In [1]:
from datasets import load_dataset
import numpy as np
from transformers import ViTImageProcessor, ViTForImageClassification, TrainingArguments, Trainer
import torch
import evaluate

  from .autonotebook import tqdm as notebook_tqdm


In [2]:
dataset = load_dataset("imagefolder", data_dir="../data/img/vit")
dataset

Resolving data files: 100%|██████████| 6910/6910 [00:00<00:00, 158374.22it/s]
Resolving data files: 100%|██████████| 1728/1728 [00:00<00:00, 183929.89it/s]


DatasetDict({
    train: Dataset({
        features: ['image', 'label'],
        num_rows: 6910
    })
    validation: Dataset({
        features: ['image', 'label'],
        num_rows: 1728
    })
})

In [3]:
print(f"Training samples: {len(dataset['train'])}")
print(f"Validation samples: {len(dataset['validation'])}")

Training samples: 6910
Validation samples: 1728


In [4]:
model_name_or_path = 'google/vit-base-patch16-224-in21k'

In [5]:
processor = ViTImageProcessor.from_pretrained(model_name_or_path)
processor

ViTImageProcessor {
  "do_normalize": true,
  "do_rescale": true,
  "do_resize": true,
  "image_mean": [
    0.5,
    0.5,
    0.5
  ],
  "image_processor_type": "ViTImageProcessor",
  "image_std": [
    0.5,
    0.5,
    0.5
  ],
  "resample": 2,
  "rescale_factor": 0.00392156862745098,
  "size": {
    "height": 224,
    "width": 224
  }
}

In [6]:
def transform(batch):
  # Take a list of PIL images and turn them to pixel values
  inputs = processor([x for x in batch['image']], return_tensors="pt")

  # Include labels
  inputs['labels'] = batch['label']
  return inputs

In [7]:
train = dataset["train"].with_transform(transform)
validation = dataset["validation"].with_transform(transform)

In [8]:
def collate_fn(batch):
  return {
    'pixel_values': torch.stack([x['pixel_values'] for x in batch]),
    'labels': torch.tensor([x['labels'] for x in batch])
  }

In [9]:
metric = evaluate.load("accuracy")

def compute_metrics(eval_pred):
  logits, labels = eval_pred
  predictions = np.argmax(logits, axis=-1)
  return metric.compute(predictions=predictions, references=labels)

In [10]:
model = ViTForImageClassification.from_pretrained(model_name_or_path, num_labels=2)
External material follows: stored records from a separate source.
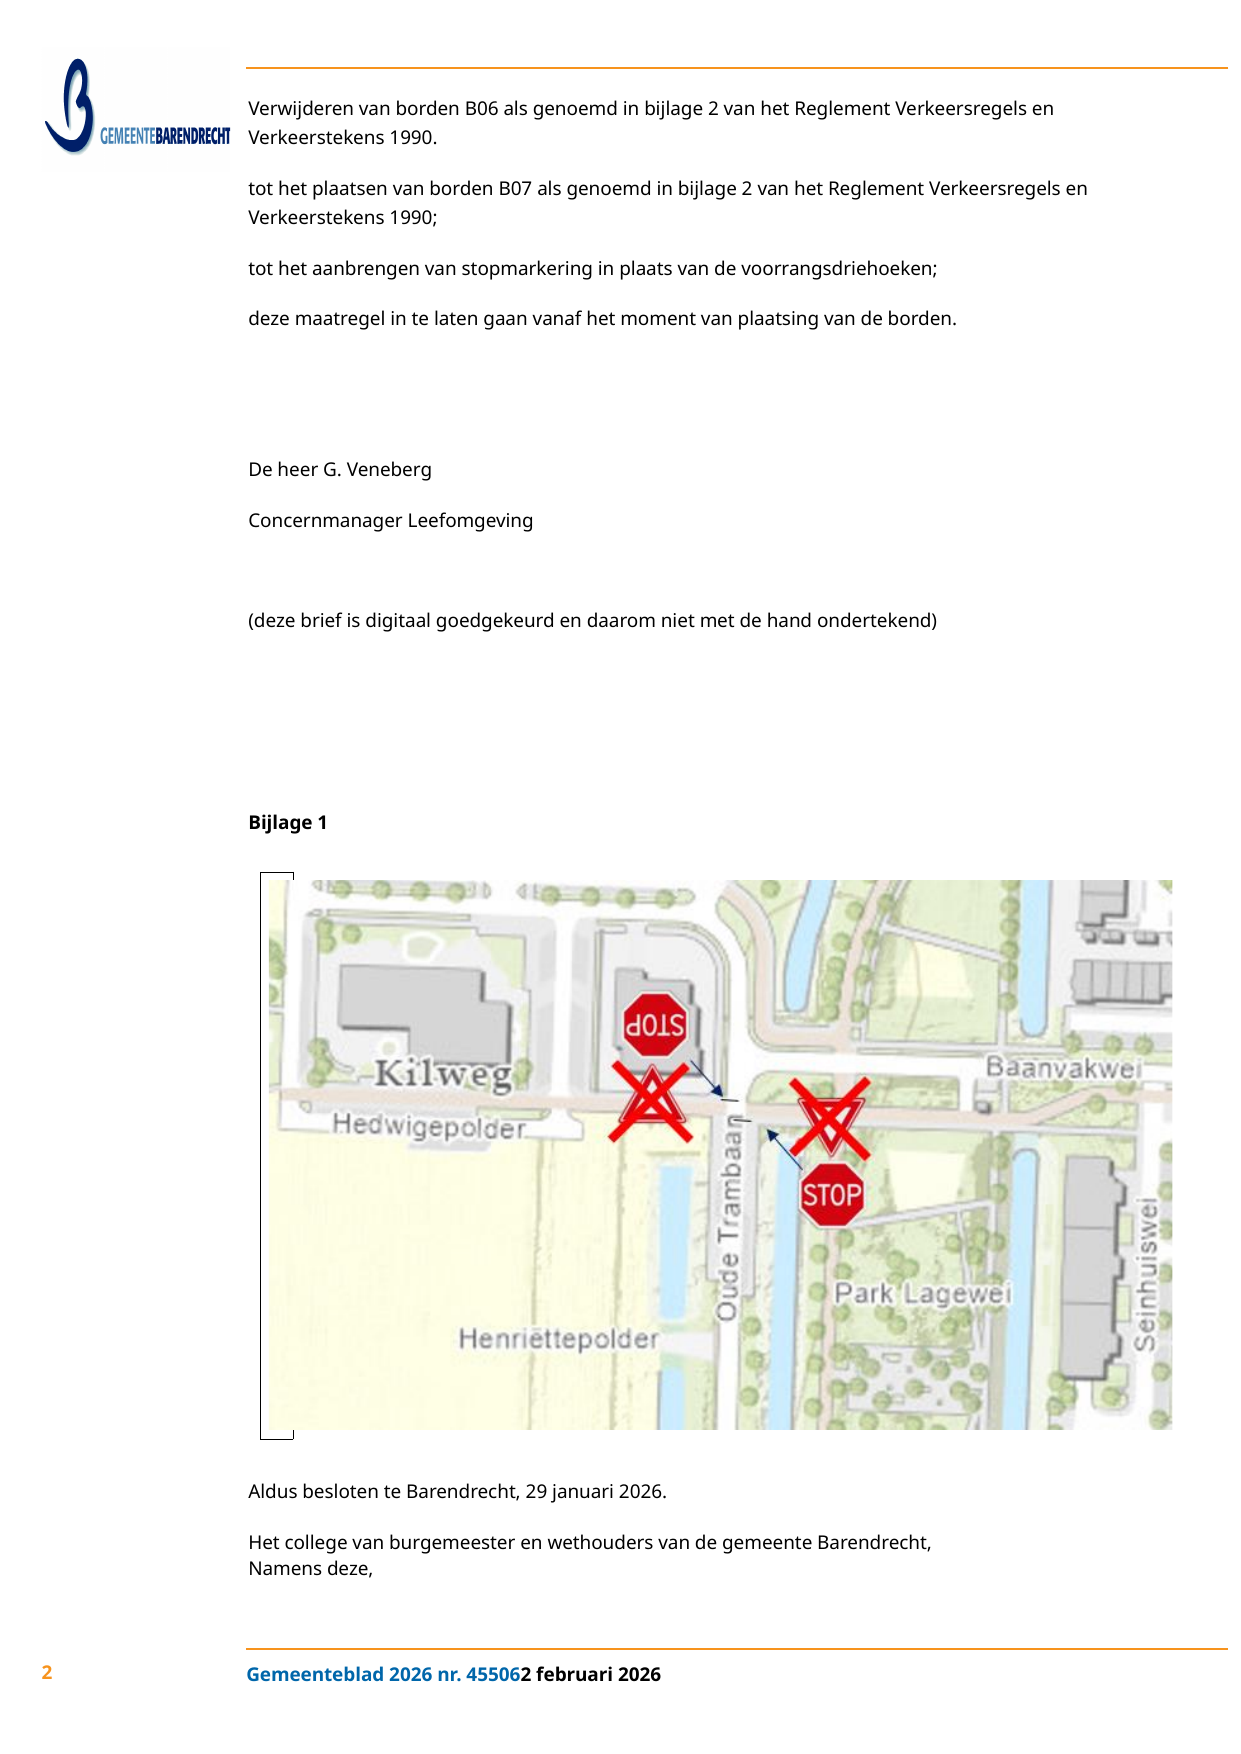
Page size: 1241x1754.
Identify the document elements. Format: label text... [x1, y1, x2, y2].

text Aldus besloten te Barendrecht, 29 januari 2026. [248, 1478, 1152, 1504]
text Het college van burgemeester en wethouders van de gemeente Barendrecht, [248, 1529, 1152, 1555]
text deze maatregel in te laten gaan vanaf het moment van plaatsing van de borden. [248, 305, 1152, 331]
text Namens deze, [248, 1555, 1152, 1581]
text Verwijderen van borden B06 als genoemd in bijlage 2 van het Reglement Verkeersregels en Verkeerstekens 1990. [248, 95, 1152, 150]
text tot het aanbrengen van stopmarkering in plaats van de voorrangsdriehoeken; [248, 255, 1152, 281]
text tot het plaatsen van borden B07 als genoemd in bijlage 2 van het Reglement Verkeersregels en Verkeerstekens 1990; [248, 175, 1152, 230]
picture [268, 880, 1173, 1430]
text Bijlage 1 [248, 809, 1152, 835]
text De heer G. Veneberg [248, 456, 1152, 482]
text (deze brief is digitaal goedgekeurd en daarom niet met de hand ondertekend) [248, 608, 1152, 633]
text Concernmanager Leefomgeving [248, 507, 1152, 533]
picture [41, 47, 231, 172]
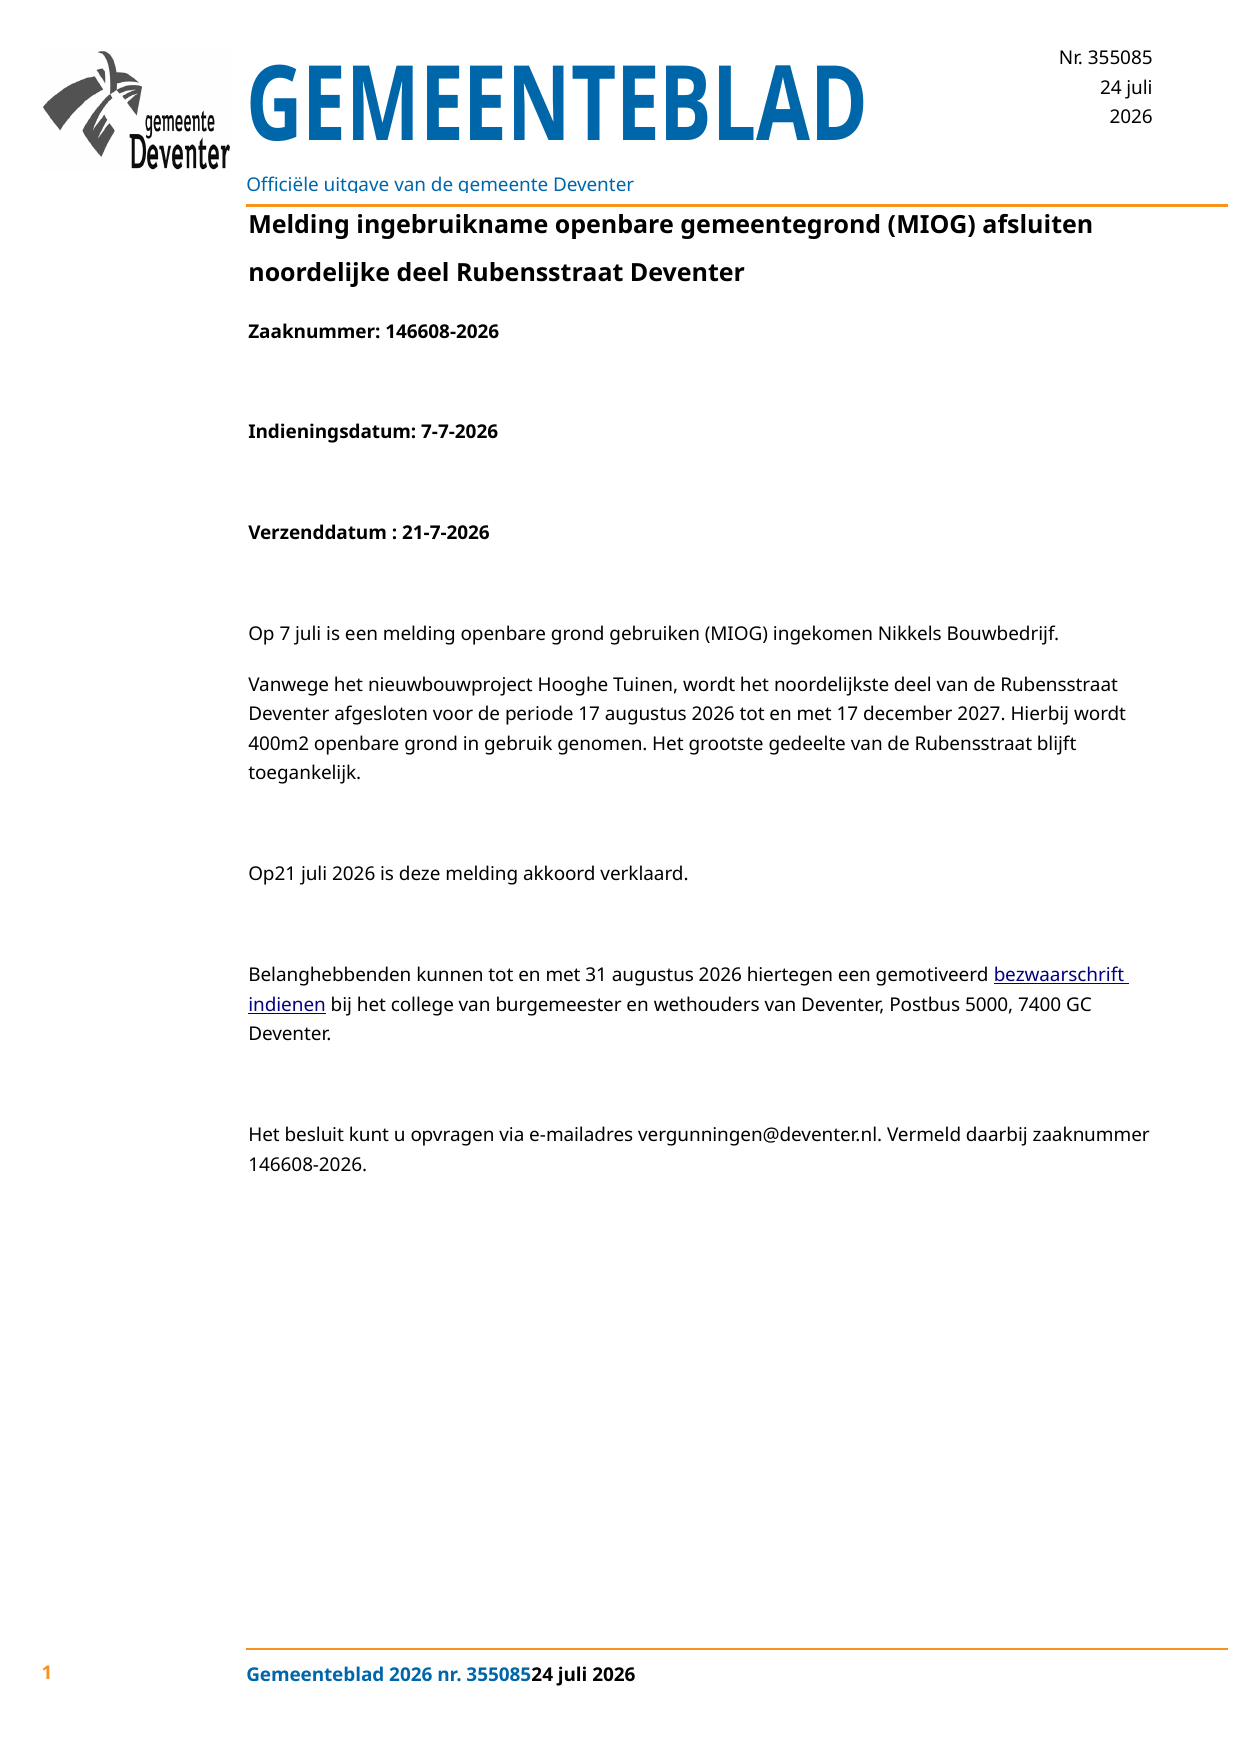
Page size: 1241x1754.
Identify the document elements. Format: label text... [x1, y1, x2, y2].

text Op 7 juli is een melding openbare grond gebruiken (MIOG) ingekomen Nikkels Bouwbedrijf. [248, 620, 1152, 646]
text Vanwege het nieuwbouwproject Hooghe Tuinen, wordt het noordelijkste deel van de Rubensstraat Deventer afgesloten voor de periode 17 augustus 2026 tot en met 17 december 2027. Hierbij wordt 400m2 openbare grond in gebruik genomen. Het grootste gedeelte van de Rubensstraat blijft toegankelijk. [248, 671, 1152, 785]
text Op21 juli 2026 is deze melding akkoord verklaard. [248, 860, 1152, 886]
text Melding ingebruikname openbare gemeentegrond (MIOG) afsluiten noordelijke deel Rubensstraat Deventer [248, 207, 1152, 288]
text Zaaknummer: 146608-2026 [248, 318, 1152, 344]
text Het besluit kunt u opvragen via e-mailadres vergunningen@deventer.nl. Vermeld daarbij zaaknummer 146608-2026. [248, 1121, 1152, 1177]
text Indieningsdatum: 7-7-2026 [248, 419, 1152, 444]
text Verzenddatum : 21-7-2026 [248, 519, 1152, 545]
text Belanghebbenden kunnen tot en met 31 augustus 2026 hiertegen een gemotiveerd bezwaarschrift indienen bij het college van burgemeester en wethouders van Deventer, Postbus 5000, 7400 GC Deventer. [248, 961, 1152, 1046]
picture [41, 47, 231, 172]

Some weights of ViTForImageClassification were not initialized from the model checkpoint at google/vit-base-patch16-224-in21k and are newly initialized: ['classifier.weight', 'classifier.bias']
You should probably TRAIN this model on a down-stream task to be able to use it for predictions and inference.


In [11]:
epochs = 10
warmup_steps = 100
weight_decay = 0.01

training_args = TrainingArguments(
  output_dir='../results',
  num_train_epochs=epochs,
  per_device_train_batch_size=24,
  per_device_eval_batch_size=12,
  evaluation_strategy="epoch",
  warmup_steps=warmup_steps,
  weight_decay=weight_decay,
  logging_dir='../logs',
  remove_unused_columns=False
)

In [12]:
trainer = Trainer(
  model=model,
  args=training_args,
  train_dataset=train,
  eval_dataset=validation,
  tokenizer=processor,
  data_collator=collate_fn,
  compute_metrics=compute_metrics
)

In [13]:
trainer.train()

                                                    
 10%|█         | 288/2880 [06:32<56:14,  1.30s/it]

{'eval_loss': 0.10311707109212875, 'eval_accuracy': 0.9652777777777778, 'eval_runtime': 31.5663, 'eval_samples_per_second': 54.742, 'eval_steps_per_second': 4.562, 'epoch': 1.0}


 17%|█▋        | 500/2880 [10:50<46:48,  1.18s/it]  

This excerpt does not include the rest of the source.